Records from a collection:
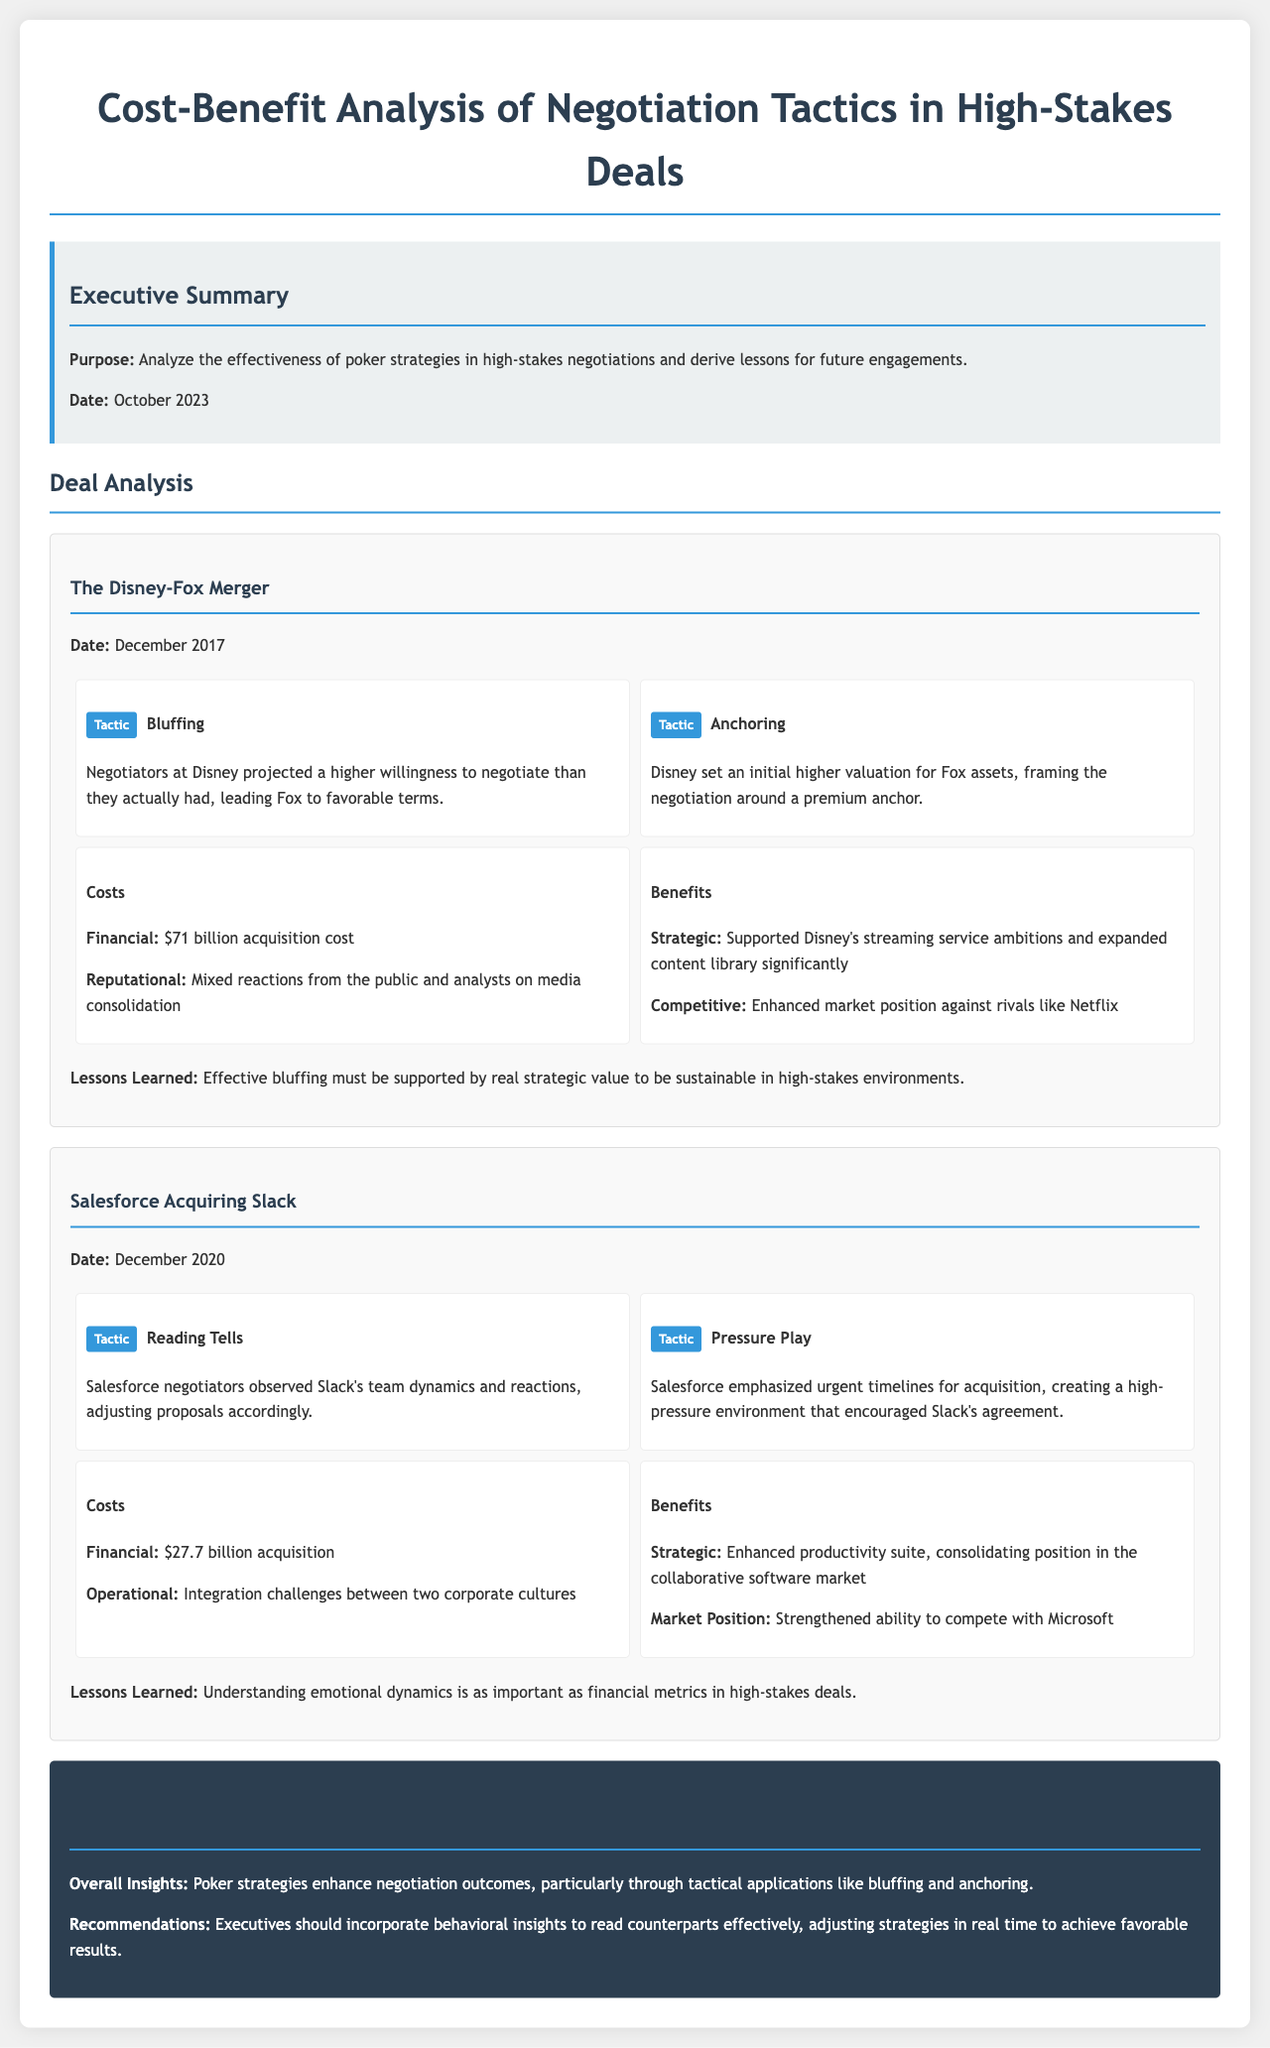what is the purpose of the document? The document aims to analyze the effectiveness of poker strategies in high-stakes negotiations and derive lessons for future engagements.
Answer: Analyze the effectiveness of poker strategies what was the acquisition cost of Disney-Fox merger? The financial cost listed for the Disney-Fox merger is $71 billion.
Answer: $71 billion which tactic involved setting an initial higher valuation? The tactic that involved setting an initial higher valuation is Anchoring.
Answer: Anchoring what were the benefits of the Salesforce acquisition of Slack? The benefits included an enhanced productivity suite and strengthened ability to compete with Microsoft.
Answer: Enhanced productivity suite what does the document suggest is as important as financial metrics? The document suggests that understanding emotional dynamics is as important as financial metrics.
Answer: Understanding emotional dynamics when did the Disney-Fox merger take place? The Disney-Fox merger took place in December 2017.
Answer: December 2017 what lesson was learned from the Disney-Fox merger regarding bluffing? The lesson learned was that effective bluffing must be supported by real strategic value to be sustainable.
Answer: Effective bluffing must be supported by real strategic value what was a major cost of the Salesforce acquisition? A major cost of the Salesforce acquisition was operational integration challenges between the two corporate cultures.
Answer: Integration challenges what is a key recommendation for executives based on the document's insights? A key recommendation for executives is to incorporate behavioral insights to read counterparts effectively.
Answer: Incorporate behavioral insights

Your assignment: Transcribe exactly each line of the records from the start up to and including the one with "Answer: Analyze the", and leave out every picture.

Exercise output:
what is the purpose of the document? The document aims to analyze the effectiveness of poker strategies in high-stakes negotiations and derive lessons for future engagements.
Answer: Analyze the effectiveness of poker strategies what was the acquisition cost of Disney-Fox merger? The financial cost listed for the Disney-Fox merger is $71 billion.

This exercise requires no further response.